I would also think about survivorship. If you were to die first, your husband would inherit all, typically, then he can make his own will. Your first son may be overlooked in this case. I hate to bring it up, but it does happen in families.

Germanshepherdsmum Tue 18-Jul-23 18:26:25

I would add, your will is the very last thing you say to your loved ones.

pascal30 Tue 18-Jul-23 18:23:35

I would say 50/50.. they are equally loved,and will remember that

Norah Tue 18-Jul-23 15:59:29

We've been married forever.
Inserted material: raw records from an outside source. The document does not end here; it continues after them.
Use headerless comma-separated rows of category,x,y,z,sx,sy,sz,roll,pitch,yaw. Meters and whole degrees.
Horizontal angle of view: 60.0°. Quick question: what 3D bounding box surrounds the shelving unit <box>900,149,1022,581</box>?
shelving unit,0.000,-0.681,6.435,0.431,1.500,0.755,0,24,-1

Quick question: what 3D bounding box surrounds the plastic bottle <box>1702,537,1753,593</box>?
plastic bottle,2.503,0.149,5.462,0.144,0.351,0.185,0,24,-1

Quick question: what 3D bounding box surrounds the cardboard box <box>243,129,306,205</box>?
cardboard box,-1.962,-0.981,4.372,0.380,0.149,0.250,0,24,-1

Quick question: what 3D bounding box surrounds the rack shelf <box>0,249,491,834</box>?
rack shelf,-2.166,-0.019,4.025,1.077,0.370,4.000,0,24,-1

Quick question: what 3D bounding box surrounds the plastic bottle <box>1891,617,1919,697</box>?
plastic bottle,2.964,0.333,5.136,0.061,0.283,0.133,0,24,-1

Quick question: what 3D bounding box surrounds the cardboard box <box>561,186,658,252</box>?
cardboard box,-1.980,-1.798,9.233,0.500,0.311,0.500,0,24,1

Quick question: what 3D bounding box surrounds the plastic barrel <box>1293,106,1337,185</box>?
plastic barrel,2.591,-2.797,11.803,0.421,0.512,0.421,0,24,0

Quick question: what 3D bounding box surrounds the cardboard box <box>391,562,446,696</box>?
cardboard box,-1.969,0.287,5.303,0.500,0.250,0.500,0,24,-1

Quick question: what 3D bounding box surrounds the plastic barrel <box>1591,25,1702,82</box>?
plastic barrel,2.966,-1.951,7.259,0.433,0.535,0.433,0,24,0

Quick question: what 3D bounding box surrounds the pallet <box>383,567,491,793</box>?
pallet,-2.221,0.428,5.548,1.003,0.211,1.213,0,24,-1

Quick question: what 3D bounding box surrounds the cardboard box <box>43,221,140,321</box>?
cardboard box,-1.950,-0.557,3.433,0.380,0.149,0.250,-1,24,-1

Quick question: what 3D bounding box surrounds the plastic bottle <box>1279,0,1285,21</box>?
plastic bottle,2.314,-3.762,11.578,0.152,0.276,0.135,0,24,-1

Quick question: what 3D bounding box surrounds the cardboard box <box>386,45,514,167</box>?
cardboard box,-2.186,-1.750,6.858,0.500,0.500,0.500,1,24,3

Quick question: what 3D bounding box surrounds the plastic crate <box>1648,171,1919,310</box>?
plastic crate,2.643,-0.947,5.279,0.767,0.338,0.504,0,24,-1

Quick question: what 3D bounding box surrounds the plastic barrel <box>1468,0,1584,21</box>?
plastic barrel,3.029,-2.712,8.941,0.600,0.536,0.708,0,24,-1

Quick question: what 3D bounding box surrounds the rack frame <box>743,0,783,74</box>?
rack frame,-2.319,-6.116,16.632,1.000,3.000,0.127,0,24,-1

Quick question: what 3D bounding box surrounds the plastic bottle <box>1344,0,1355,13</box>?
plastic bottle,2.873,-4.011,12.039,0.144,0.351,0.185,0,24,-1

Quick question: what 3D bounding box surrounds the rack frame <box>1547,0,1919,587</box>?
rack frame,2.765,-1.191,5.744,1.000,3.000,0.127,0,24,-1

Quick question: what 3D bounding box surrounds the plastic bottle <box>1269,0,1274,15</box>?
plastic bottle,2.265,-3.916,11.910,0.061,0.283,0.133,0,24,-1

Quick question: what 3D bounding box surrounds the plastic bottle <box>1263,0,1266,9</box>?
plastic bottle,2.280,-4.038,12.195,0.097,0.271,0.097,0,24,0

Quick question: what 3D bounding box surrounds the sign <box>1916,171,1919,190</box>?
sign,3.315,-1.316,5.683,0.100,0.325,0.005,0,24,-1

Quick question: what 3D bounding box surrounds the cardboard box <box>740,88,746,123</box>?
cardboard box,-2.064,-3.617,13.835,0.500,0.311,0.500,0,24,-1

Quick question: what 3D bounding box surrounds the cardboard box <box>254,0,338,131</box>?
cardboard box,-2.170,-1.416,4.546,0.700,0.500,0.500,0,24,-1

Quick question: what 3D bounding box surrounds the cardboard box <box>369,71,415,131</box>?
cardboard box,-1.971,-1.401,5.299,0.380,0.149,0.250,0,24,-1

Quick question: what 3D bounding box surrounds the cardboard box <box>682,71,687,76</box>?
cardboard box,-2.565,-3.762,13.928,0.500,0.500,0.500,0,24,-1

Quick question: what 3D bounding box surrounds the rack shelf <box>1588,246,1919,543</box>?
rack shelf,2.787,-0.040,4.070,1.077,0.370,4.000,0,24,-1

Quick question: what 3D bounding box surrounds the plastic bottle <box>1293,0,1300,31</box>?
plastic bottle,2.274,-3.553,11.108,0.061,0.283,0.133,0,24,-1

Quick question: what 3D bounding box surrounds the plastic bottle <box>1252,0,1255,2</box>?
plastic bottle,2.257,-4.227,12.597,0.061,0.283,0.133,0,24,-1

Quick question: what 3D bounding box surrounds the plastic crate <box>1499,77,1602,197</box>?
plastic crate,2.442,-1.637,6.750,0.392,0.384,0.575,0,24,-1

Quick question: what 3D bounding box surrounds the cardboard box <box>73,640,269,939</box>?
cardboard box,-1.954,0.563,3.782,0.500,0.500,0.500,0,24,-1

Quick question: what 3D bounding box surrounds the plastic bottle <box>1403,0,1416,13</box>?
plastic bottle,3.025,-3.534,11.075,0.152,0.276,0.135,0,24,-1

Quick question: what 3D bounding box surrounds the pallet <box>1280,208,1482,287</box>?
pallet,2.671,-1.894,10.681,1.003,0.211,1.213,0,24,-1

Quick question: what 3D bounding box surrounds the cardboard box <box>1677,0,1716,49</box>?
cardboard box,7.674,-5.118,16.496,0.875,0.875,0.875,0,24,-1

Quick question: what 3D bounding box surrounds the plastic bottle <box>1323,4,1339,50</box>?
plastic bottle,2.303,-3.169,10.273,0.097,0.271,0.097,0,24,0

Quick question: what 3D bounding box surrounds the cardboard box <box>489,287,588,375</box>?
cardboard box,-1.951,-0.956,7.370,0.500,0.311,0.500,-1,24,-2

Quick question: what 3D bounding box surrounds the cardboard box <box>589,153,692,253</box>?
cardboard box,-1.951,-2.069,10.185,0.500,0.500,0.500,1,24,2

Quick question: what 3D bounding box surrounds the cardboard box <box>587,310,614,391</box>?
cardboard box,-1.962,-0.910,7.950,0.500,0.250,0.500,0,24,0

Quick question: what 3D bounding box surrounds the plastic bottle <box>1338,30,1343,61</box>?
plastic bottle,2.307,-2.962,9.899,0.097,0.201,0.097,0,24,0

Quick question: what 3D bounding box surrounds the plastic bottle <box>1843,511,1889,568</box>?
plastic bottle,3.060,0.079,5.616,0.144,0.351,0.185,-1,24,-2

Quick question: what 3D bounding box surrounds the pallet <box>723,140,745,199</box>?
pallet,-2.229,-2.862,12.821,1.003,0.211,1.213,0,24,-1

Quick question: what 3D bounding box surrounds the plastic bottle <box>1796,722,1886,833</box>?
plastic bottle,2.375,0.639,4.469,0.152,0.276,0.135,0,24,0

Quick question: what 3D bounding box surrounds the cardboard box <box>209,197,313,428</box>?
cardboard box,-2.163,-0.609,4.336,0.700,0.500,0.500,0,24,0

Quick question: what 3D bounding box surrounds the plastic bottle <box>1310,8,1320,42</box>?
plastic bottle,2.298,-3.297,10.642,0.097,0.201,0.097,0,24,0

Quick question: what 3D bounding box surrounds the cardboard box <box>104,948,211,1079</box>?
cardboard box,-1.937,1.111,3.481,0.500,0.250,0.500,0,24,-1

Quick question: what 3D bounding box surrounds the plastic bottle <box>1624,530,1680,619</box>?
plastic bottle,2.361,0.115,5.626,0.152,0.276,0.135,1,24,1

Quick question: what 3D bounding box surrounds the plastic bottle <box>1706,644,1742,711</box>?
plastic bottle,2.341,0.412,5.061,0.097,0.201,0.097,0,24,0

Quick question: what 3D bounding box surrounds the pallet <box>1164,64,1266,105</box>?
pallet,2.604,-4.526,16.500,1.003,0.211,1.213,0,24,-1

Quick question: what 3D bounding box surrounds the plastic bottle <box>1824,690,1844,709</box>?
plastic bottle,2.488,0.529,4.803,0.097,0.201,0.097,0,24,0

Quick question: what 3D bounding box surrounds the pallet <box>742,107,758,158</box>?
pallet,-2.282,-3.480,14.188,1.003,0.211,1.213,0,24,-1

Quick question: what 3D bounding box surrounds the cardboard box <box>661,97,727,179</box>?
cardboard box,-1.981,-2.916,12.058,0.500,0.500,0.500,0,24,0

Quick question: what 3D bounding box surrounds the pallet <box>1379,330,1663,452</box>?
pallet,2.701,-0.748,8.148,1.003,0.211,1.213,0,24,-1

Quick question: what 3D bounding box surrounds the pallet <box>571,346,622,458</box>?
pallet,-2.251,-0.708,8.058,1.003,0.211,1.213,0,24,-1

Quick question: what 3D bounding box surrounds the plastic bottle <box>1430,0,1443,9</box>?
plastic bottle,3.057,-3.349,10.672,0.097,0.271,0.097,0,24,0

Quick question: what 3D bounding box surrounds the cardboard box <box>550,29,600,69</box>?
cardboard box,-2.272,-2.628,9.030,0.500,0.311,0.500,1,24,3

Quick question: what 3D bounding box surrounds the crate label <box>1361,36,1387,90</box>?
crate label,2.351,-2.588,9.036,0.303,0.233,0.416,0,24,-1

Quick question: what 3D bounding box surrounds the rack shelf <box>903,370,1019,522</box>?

Our children were born in 2 groups - 2 whist we were teens and 2 when we were around 40. They've had vastly different growing up experiences - all loved and cherished equally.

Our estate is divided equally between all of our children and theirs.

We don't worry that some have been luckier than others. One went to Harvard for further education, one daughter's husband died young - luck and bad luck come in many ways, we can't make it fair.

Riverwalk Tue 18-Jul-23 15:58:05

They are both your sons so 50/50 is best, particularly as your second husband has been in your first son's life since he was three.

There is no way of knowing how both sons' lives will pan out in the future, as we all know life can turn on a sixpence.

Jaxjacky Tue 18-Jul-23 15:54:29

I too would bequeath your estate 50/50, maybe you could help your second son out more now and in the future?

Germanshepherdsmum Tue 18-Jul-23 15:47:19

I absolutely agree Doodledog. If they are equally loved then treat them equally in your wills.

Theexwife Tue 18-Jul-23 15:45:55

I would go 50/50 as it may cause resentment later on. The ex could lose his money or have expensive care bills or there could be a falling out.

To me, it means they are being treated differently.

Only you know what would be best for your family.

Doodledog Tue 18-Jul-23 15:35:09

There is no right answer to this, but I would go 50/50. It is not fair to penalise one son for the financial security he (presumably) has earned, and the chance that one may inherit from his father can't be guaranteed.

I think that differentiating between them is likely to cause hurt, but in the end it is your money, and it's up to you. Also, other people would do things differently from how I would.